=== Begin Enclosure ===

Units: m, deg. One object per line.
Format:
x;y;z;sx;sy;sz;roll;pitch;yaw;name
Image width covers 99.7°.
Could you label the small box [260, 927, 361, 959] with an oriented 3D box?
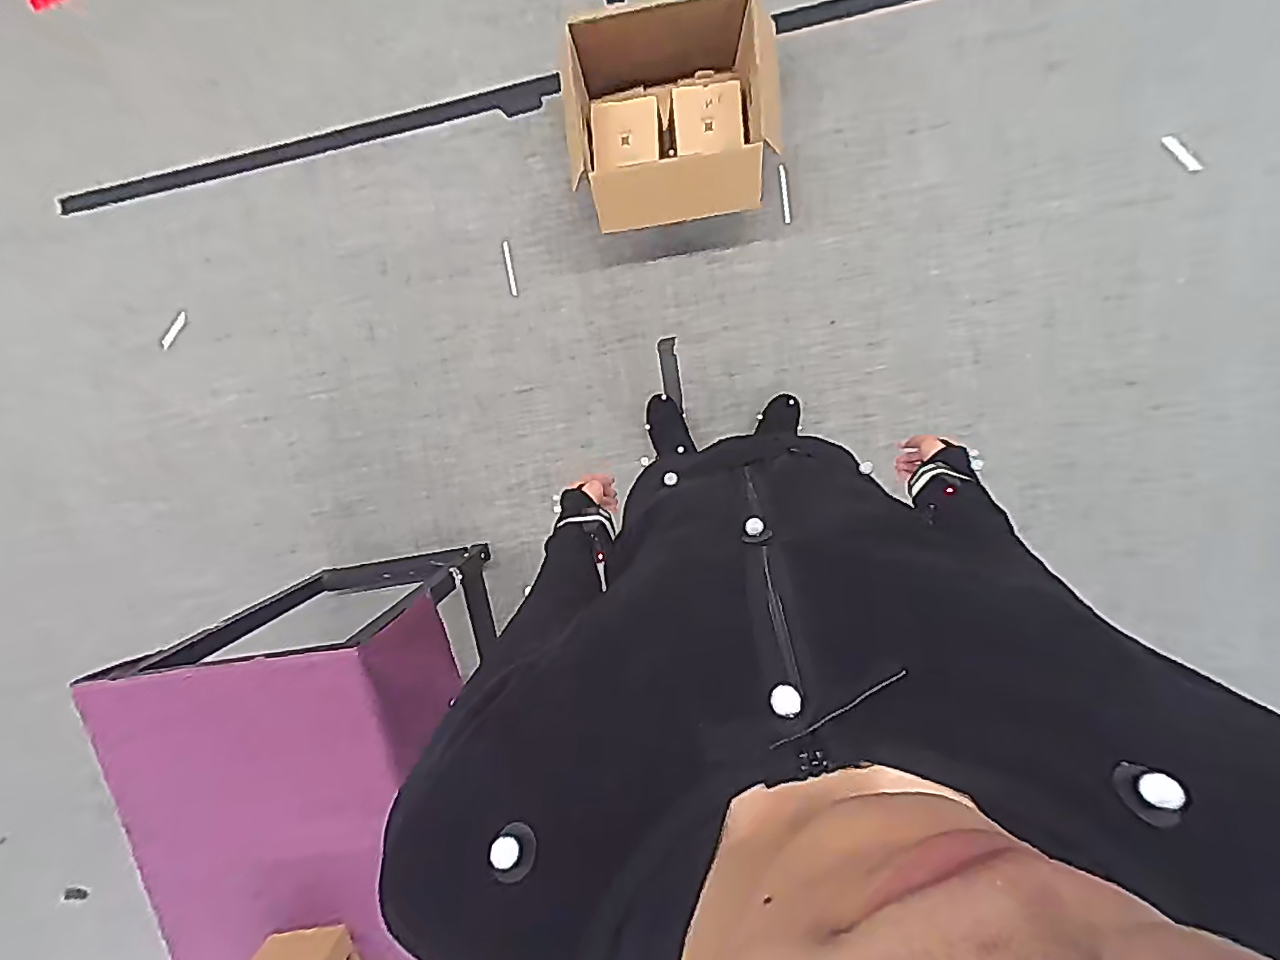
-0.664;1.017;1.042;0.179;0.176;0.168;-13;98;5;small box
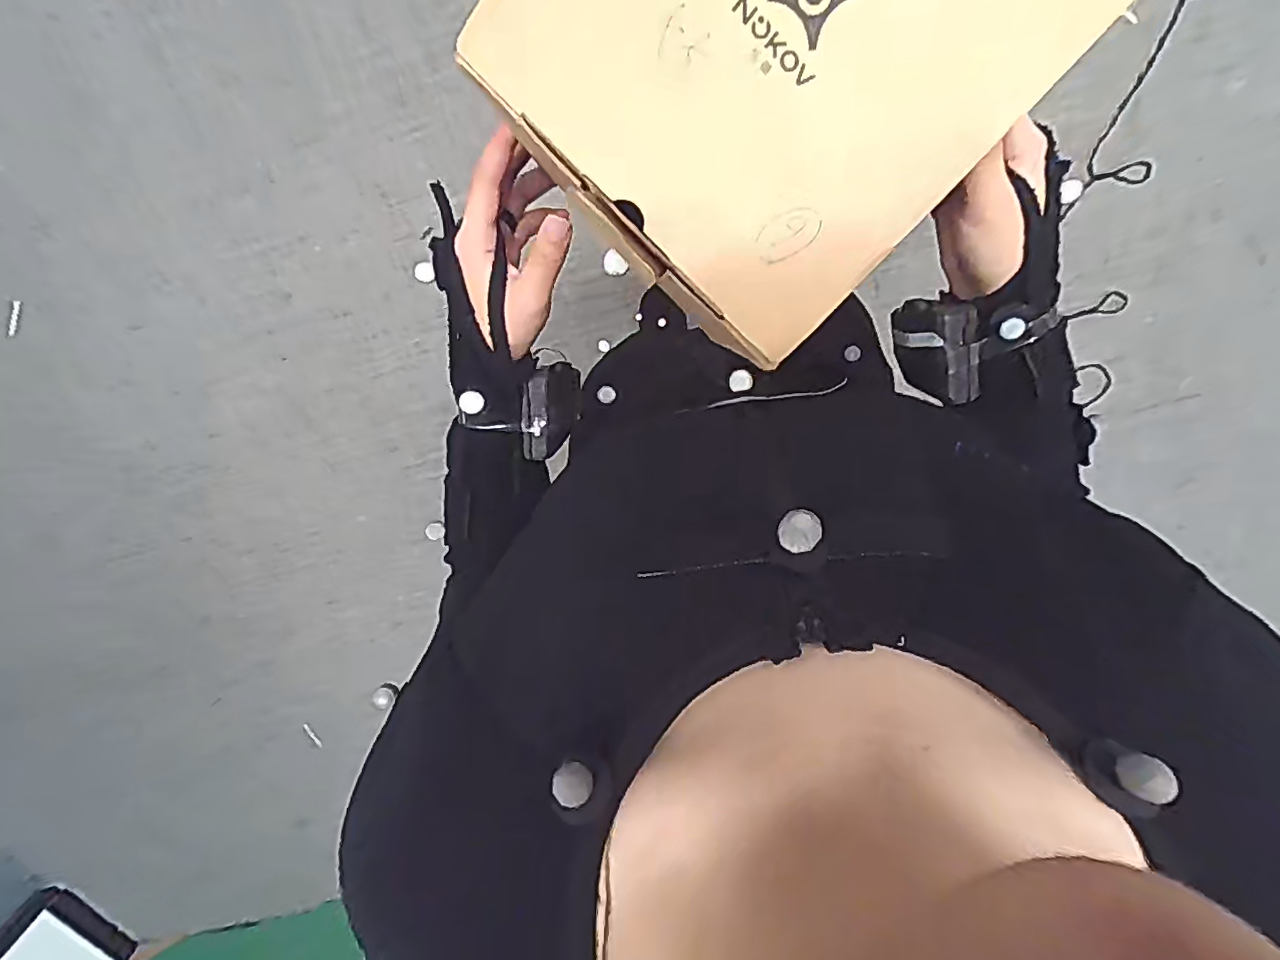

=== End Enclosure ===

Each record should be printed again precisely, though not its pictures.

Units: m, deg. One object per line.
Format:
x;y;z;sx;sy;sz;roll;pitch;yaw;name
Image width covers 99.7°.
Could you label the small box [260, 927, 361, 959] with an oriented 3D box?
-0.664;1.017;1.042;0.179;0.176;0.168;-13;98;5;small box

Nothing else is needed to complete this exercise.